3. Summary and Best Practices

Feature Shallow Copy Deep Copy
Pointers Copies the pointer's address. Both objects point to the same memory. Allocates new memory and copies the content. Each object has its own resource.
Implementation Default compiler behavior. No extra code needed. Must be manually implemented (Copy Constructor, Copy Assignment, Destructor).
Ownership Creates shared ownership of a resource, which is dangerous with raw pointers. Each object has exclusive ownership of its resource.

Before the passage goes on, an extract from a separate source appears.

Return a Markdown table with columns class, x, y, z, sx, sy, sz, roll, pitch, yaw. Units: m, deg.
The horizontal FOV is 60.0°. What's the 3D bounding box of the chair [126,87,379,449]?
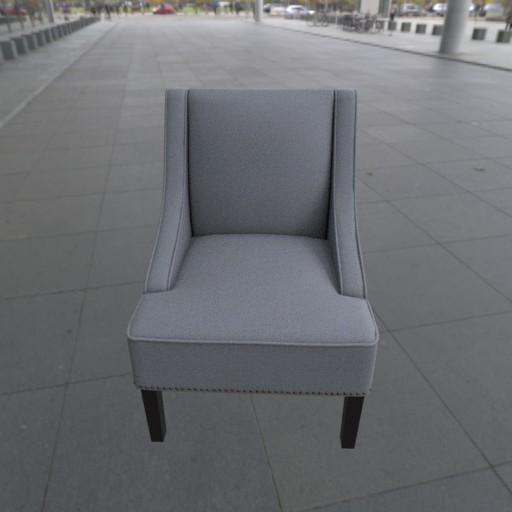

Issues Leads to double-free errors, dangling pointers, and unintended data modification. Safe for resource management but requires more code and overhead (memory allocation is slow).
When to use Safe only when a class contains no raw pointers to dynamic resources, or if shared ownership is explicitly desired (and managed, e.g., with std::shared_ptr). Required whenever a class manages a raw dynamic resource (new/delete).